◆ WHAT TO PRODUCE
The range to repeat runs from the line with "EXPECT_FALSE(contains_vector<const double>::value);" to the last line below, both ends included; give it exactly and without pictures.

◆ DATASET EXTRACT

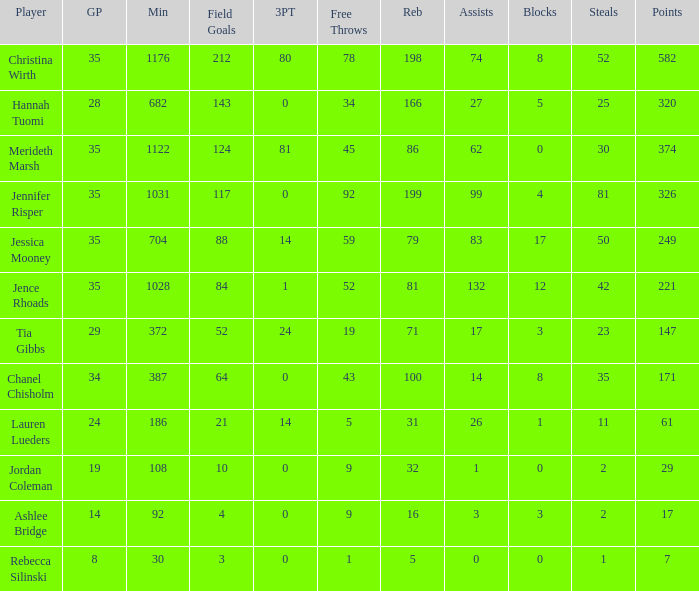How many blockings occured in the game with 198 rebounds? 8.0. 
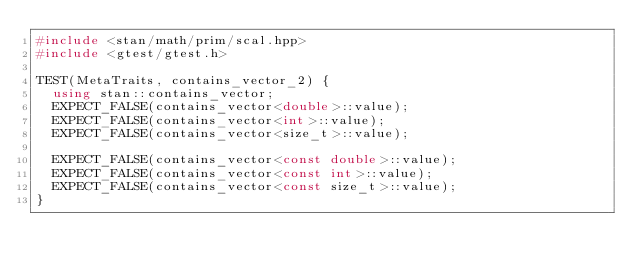Convert code to text. <code><loc_0><loc_0><loc_500><loc_500><_C++_>#include <stan/math/prim/scal.hpp>
#include <gtest/gtest.h>

TEST(MetaTraits, contains_vector_2) {
  using stan::contains_vector;
  EXPECT_FALSE(contains_vector<double>::value);
  EXPECT_FALSE(contains_vector<int>::value);
  EXPECT_FALSE(contains_vector<size_t>::value);

  EXPECT_FALSE(contains_vector<const double>::value);
  EXPECT_FALSE(contains_vector<const int>::value);
  EXPECT_FALSE(contains_vector<const size_t>::value);
}
</code> 
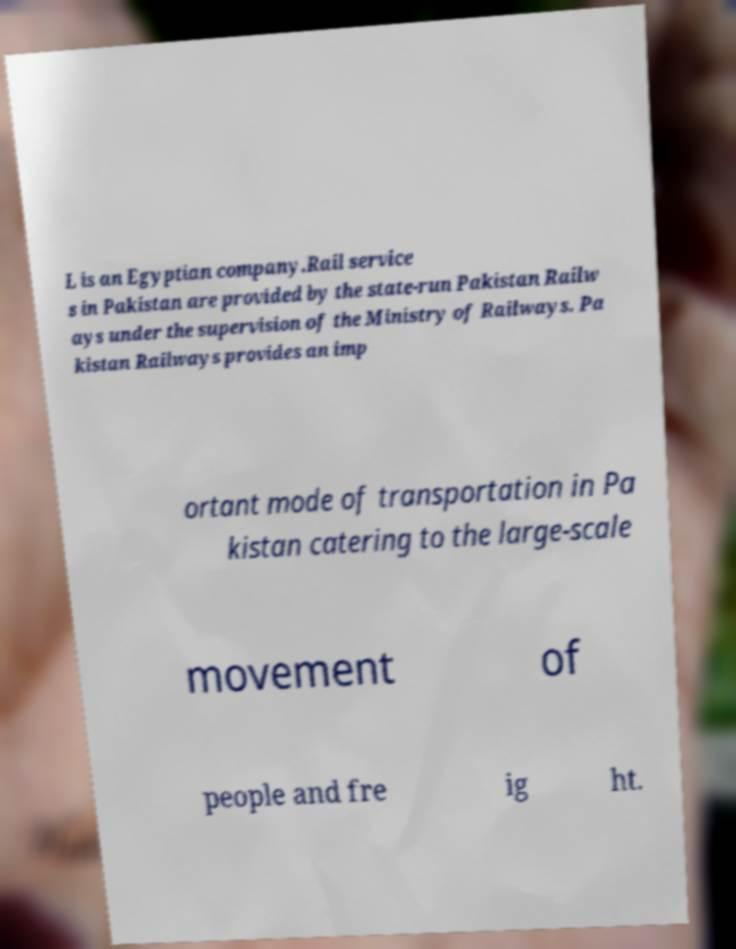There's text embedded in this image that I need extracted. Can you transcribe it verbatim? L is an Egyptian company.Rail service s in Pakistan are provided by the state-run Pakistan Railw ays under the supervision of the Ministry of Railways. Pa kistan Railways provides an imp ortant mode of transportation in Pa kistan catering to the large-scale movement of people and fre ig ht.

◆ ANSWER TO THIS PROBLEM
  EXPECT_FALSE(contains_vector<const double>::value);
  EXPECT_FALSE(contains_vector<const int>::value);
  EXPECT_FALSE(contains_vector<const size_t>::value);
}
</code> 
There's text embedded in this image that I need extracted. Can you transcribe it verbatim? L is an Egyptian company.Rail service s in Pakistan are provided by the state-run Pakistan Railw ays under the supervision of the Ministry of Railways. Pa kistan Railways provides an imp ortant mode of transportation in Pa kistan catering to the large-scale movement of people and fre ig ht.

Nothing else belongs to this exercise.